[phenixbb] questions related to Phenix refinement

Sun Jan 18 09:58:14 PST 2015

Dear Kay,

thanks for email and bringing this topic!

>>>> In the X-ray statistics by resolution bin of the Phenix.refine result,
>>>> there is a column "%complete".  For my refinement data, I find the
>>>> better the resolution (from lower resolution to the higher
>>>> resolution), the lower the completeness (for example for 40-6 A,
>>>> %complete is 98, for 3.1-3.0 A, %complete is 60%, for 2.2-2.1 A,
>>>>   %complete is  6%).
>>>>
>>>> Will you please tell me what does this "%complete" mean? why it
>>>> decreases in the better diffraction bin?
>> Completeness is how many reflections you have compared to theoretically
>> possible. So the higher completeness the better. Ideally (and it's not
>> that uncommon these days) you should have 100% complete data set in
>> d_min-inf resolution. Anything below say 80 in any resolution bin is
>> bad, and numbers you quote 6-60% mean something is wrong withe the dataset.
>>
> Given your standing in the community, the last sentence will lead many
> unexperienced people to believe that they should cut their data at the
> resolution where the completeness falls below "say 80"%.
>
> But that would be wrong. There is no reason to consider a completeness
> as "too low in a high-resolution shell" as long as the data in that
> shell are good. Particularly in refinement any reflection helps to
> improve the model, and to reduce overfitting.

Clearly, email is not the best way of communication, especially if 
written without a lawyer's help and attempted to read between the lines!

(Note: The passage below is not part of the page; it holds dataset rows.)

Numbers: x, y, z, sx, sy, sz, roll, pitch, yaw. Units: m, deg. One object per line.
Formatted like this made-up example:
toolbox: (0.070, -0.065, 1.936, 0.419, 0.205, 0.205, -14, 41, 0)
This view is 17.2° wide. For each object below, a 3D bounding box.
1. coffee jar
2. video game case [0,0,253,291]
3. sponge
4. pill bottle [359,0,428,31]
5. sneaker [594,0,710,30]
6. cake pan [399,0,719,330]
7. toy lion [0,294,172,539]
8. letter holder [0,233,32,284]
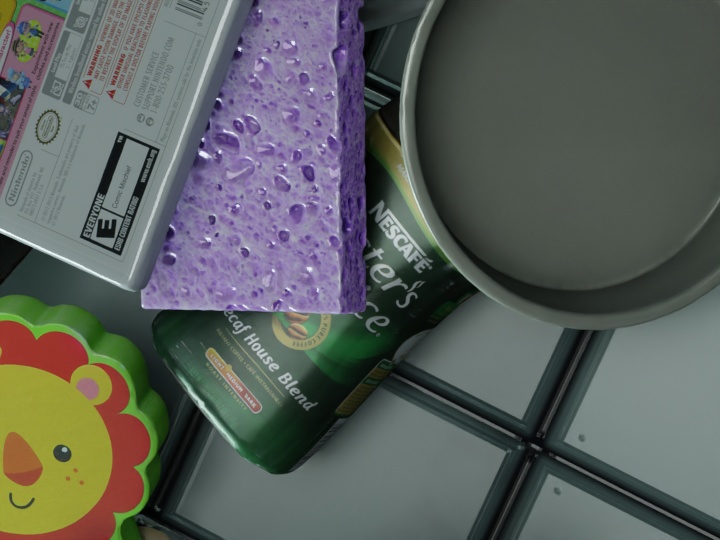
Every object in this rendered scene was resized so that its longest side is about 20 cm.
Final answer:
coffee jar: (0.000, 0.000, 1.167, 0.200, 0.085, 0.104, -43, 82, 11)
video game case: (-0.142, -0.117, 1.100, 0.181, 0.022, 0.201, 23, 96, 20)
sponge: (-0.051, -0.080, 1.108, 0.111, 0.030, 0.202, 3, 96, 29)
pill bottle: (-0.008, -0.224, 1.150, 0.113, 0.114, 0.201, -19, 86, 14)
sneaker: (0.114, -0.202, 1.146, 0.099, 0.078, 0.201, -19, 95, 8)
cake pan: (0.107, -0.075, 1.095, 0.199, 0.037, 0.202, -3, 99, -18)
toy lion: (-0.185, 0.111, 1.196, 0.199, 0.069, 0.193, -16, 107, 15)
letter holder: (-0.187, -0.089, 1.217, 0.100, 0.142, 0.200, 38, 103, -21)
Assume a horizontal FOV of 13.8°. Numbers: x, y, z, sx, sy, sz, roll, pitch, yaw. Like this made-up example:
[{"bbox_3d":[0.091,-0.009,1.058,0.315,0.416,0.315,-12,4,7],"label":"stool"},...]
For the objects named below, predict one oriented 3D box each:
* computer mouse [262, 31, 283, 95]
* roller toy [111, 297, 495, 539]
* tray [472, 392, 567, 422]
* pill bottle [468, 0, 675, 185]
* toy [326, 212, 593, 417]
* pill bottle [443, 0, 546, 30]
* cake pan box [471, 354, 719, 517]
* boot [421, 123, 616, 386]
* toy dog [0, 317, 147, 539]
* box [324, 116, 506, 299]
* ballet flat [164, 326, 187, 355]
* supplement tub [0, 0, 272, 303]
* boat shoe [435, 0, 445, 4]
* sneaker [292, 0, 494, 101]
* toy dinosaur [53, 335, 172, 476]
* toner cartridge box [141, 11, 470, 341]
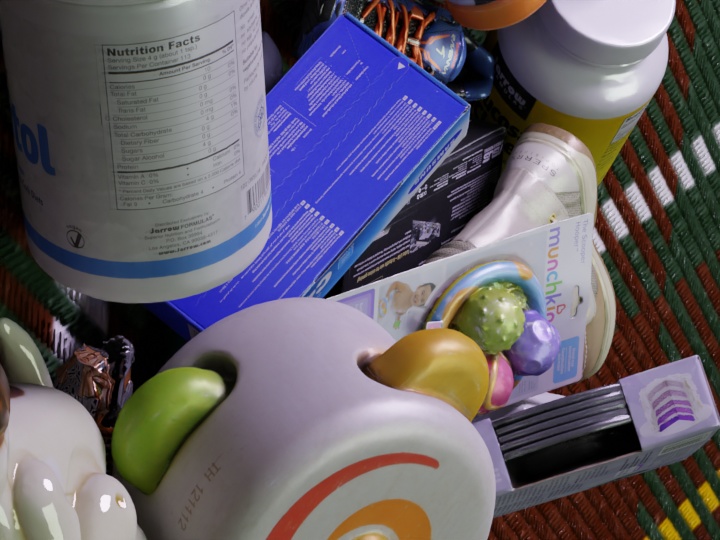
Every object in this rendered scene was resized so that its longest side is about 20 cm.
[{"bbox_3d":[-0.097,-0.068,1.652,0.200,0.034,0.059,-51,148,-37],"label":"computer mouse"},{"bbox_3d":[-0.025,0.121,1.583,0.199,0.140,0.183,-21,131,-22],"label":"roller toy"},{"bbox_3d":[0.036,0.110,1.881,0.107,0.199,0.022,4,67,-63],"label":"tray"},{"bbox_3d":[0.129,-0.124,1.897,0.113,0.112,0.200,-55,175,-32],"label":"pill bottle"},{"bbox_3d":[0.065,0.048,1.724,0.199,0.047,0.116,-16,124,-30],"label":"toy"},{"bbox_3d":[0.050,-0.233,1.722,0.106,0.106,0.200,-57,138,-29],"label":"pill bottle"},{"bbox_3d":[0.118,0.110,1.809,0.200,0.183,0.053,83,-12,-81],"label":"cake pan box"},{"bbox_3d":[0.092,0.028,1.847,0.155,0.072,0.201,-50,146,-36],"label":"boot"},{"bbox_3d":[-0.190,0.100,1.456,0.200,0.139,0.195,47,51,-61],"label":"toy dog"},{"bbox_3d":[0.000,0.000,1.823,0.200,0.086,0.165,-30,132,-55],"label":"box"},{"bbox_3d":[-0.051,0.106,1.734,0.072,0.072,0.201,-33,104,-53],"label":"ballet flat"},{"bbox_3d":[-0.113,-0.097,1.493,0.132,0.131,0.201,-44,141,-45],"label":"supplement tub"},{"bbox_3d":[0.060,-0.257,1.816,0.073,0.063,0.202,-35,135,-52],"label":"boat shoe"},{"bbox_3d":[0.024,-0.144,1.796,0.200,0.078,0.076,11,95,-64],"label":"sneaker"},{"bbox_3d":[-0.132,0.116,1.662,0.136,0.102,0.200,-31,156,-36],"label":"toy dinosaur"},{"bbox_3d":[-0.037,-0.041,1.662,0.200,0.095,0.043,-48,167,-17],"label":"toner cartridge box"}]
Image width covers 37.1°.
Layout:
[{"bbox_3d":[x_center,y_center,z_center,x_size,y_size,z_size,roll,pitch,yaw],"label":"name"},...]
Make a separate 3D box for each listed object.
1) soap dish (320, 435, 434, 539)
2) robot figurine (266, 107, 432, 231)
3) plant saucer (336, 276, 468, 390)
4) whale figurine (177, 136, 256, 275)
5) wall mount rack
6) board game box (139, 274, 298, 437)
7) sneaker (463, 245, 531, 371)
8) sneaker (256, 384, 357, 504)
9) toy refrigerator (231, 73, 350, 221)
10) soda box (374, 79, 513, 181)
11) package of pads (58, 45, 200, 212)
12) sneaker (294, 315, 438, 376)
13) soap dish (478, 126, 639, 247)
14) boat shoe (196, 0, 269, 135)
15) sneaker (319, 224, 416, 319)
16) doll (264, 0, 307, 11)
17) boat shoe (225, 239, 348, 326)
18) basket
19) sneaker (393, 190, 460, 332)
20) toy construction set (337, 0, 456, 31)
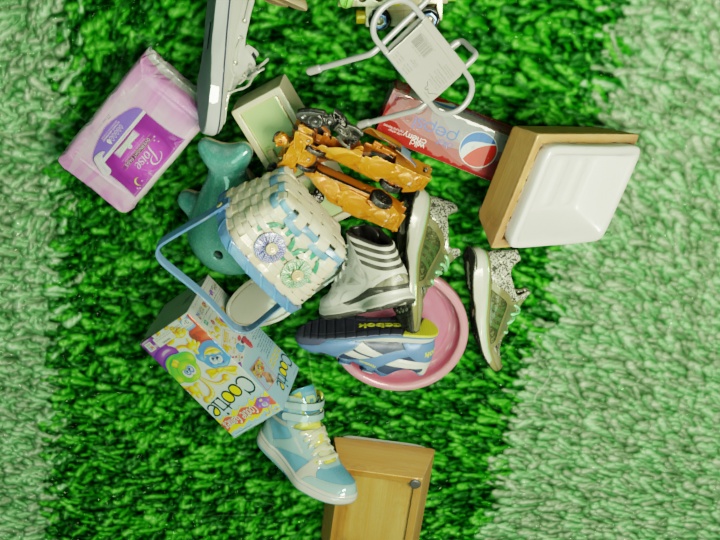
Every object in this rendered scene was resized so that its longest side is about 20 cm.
[{"bbox_3d":[0.024,0.359,1.668,0.157,0.081,0.200,8,117,0],"label":"soap dish"},{"bbox_3d":[-0.019,-0.132,1.371,0.200,0.058,0.145,25,125,-12],"label":"robot figurine"},{"bbox_3d":[0.055,0.077,1.547,0.200,0.051,0.201,1,116,2],"label":"plant saucer"},{"bbox_3d":[-0.177,-0.079,1.438,0.159,0.104,0.200,10,131,13],"label":"whale figurine"},{"bbox_3d":[0.043,-0.248,1.294,0.174,0.075,0.200,-42,135,6],"label":"wall mount rack"},{"bbox_3d":[-0.201,0.125,1.551,0.103,0.105,0.200,-33,109,27],"label":"board game box"},{"bbox_3d":[0.201,0.054,1.518,0.089,0.077,0.200,-9,117,-1],"label":"sneaker"},{"bbox_3d":[-0.069,0.246,1.579,0.200,0.080,0.131,32,114,34],"label":"sneaker"},{"bbox_3d":[-0.086,-0.152,1.435,0.076,0.070,0.200,-25,112,14],"label":"toy refrigerator"},{"bbox_3d":[0.122,-0.180,1.411,0.200,0.063,0.070,21,113,-6],"label":"soda box"},{"bbox_3d":[-0.295,-0.185,1.430,0.120,0.076,0.200,39,112,-14],"label":"package of pads"},{"bbox_3d":[0.008,0.110,1.499,0.200,0.074,0.082,3,118,3],"label":"sneaker"},{"bbox_3d":[0.252,-0.111,1.372,0.200,0.081,0.157,-6,126,-40],"label":"soap dish"},{"bbox_3d":[-0.156,-0.269,1.364,0.086,0.075,0.202,6,88,-21],"label":"boat shoe"},{"bbox_3d":[0.001,0.000,1.424,0.076,0.200,0.115,-10,87,-32],"label":"sneaker"},{"bbox_3d":[-0.070,-0.418,1.288,0.048,0.136,0.200,15,96,-44],"label":"doll"},{"bbox_3d":[-0.100,0.015,1.517,0.200,0.062,0.075,-36,95,12],"label":"boat shoe"},{"bbox_3d":[-0.134,-0.024,1.355,0.200,0.139,0.176,-33,122,21],"label":"basket"},{"bbox_3d":[0.095,-0.014,1.449,0.089,0.077,0.200,7,85,-16],"label":"sneaker"},{"bbox_3d":[0.047,-0.362,1.320,0.200,0.092,0.131,6,116,13],"label":"toy construction set"}]

No, I was not suggesting to cut the data, particularly if cutting is 
judged by completeness exclusively. What I was really saying is that if 
the data set is so incomplete then that should be alerting and prompt to 
review data collection and processing steps (rather than spending months 
struggling with a poor data set!).

Also, I think, extremes such as routine data cutoffs by "sigma" or/and 
resolution (as used to be in the past) and panic fear to throw away a 
reflection (as the modern trend is) may be counterproductive. Indeed, 
for example, non-permanent data cutoffs by resolution (or by other 
criteria, such as derived from Fobs vs Fmodel differences) may be 
essential for success of refinement and phasing by Molecular Replacement:

           J. Appl. Cryst. (2008). 41, 491-522
           Structure refinement: some background theory and practical 
strategies
           D. Watkin

           Acta Cryst. (1999). D55, 1759-1764
           Detecting outliers in non-redundant diffraction data
           R. J. Read

           J. Appl. Cryst. (2009). 42, 607-615
           Automatic multiple-zone rigid-body refinement with a large 
convergence radius
           P. V. Afonine, R. W. Grosse-Kunstleve, A. Urzhumtsev and P. 
D. Adams

           STIR option in SHELX.

Also, incomplete data can distort maps. As few as 1% of missing 
reflections may be sufficient to destroy molecule image in Fourier maps:

           Acta Cryst. (1991). A47, 794-801
           Low-resolution phases: influence on SIR syntheses and 
retrieval with double-step filtration
           A. G. Urzhumtsev

           Acta Cryst. (2014). D70, 2593-2606
           Metrics for comparison of crystallographic maps
           A. Urzhumtsev, P. V. Afonine, V. Y. Lunin, T. C. Terwilliger 
and P. D. Adams

           Retrieval of lost reflections in high resolution Fourier 
syntheses by 'soft' solvent flattening.
           Natalia L. Lunina, Vladimir Y. Lunin and Alberto D. Podjarny
http://www.ccp4.ac.uk/newsletters/newsletter41/00_contents.html

Finally, it is a poor idea to assign the data resolution the resolution 
of the highest resolution reflection unless the data set is 100% 
complete. Instead, effective resolution (that has strict mathematical 
definition and meaning) should be used:

           Acta Cryst. (2013). D69, 1921-1934
           On effective and optical resolutions of diffraction data sets
           L. Urzhumtseva, B. Klaholz and A. Urzhumtsev

Summarizing, a severely incomplete data set should trigger suspicion. If 
that's the only datset available then correct expectations should be set 
about (possible difficulty of) structure solution and quality of final 
model.

All the best,
Pavel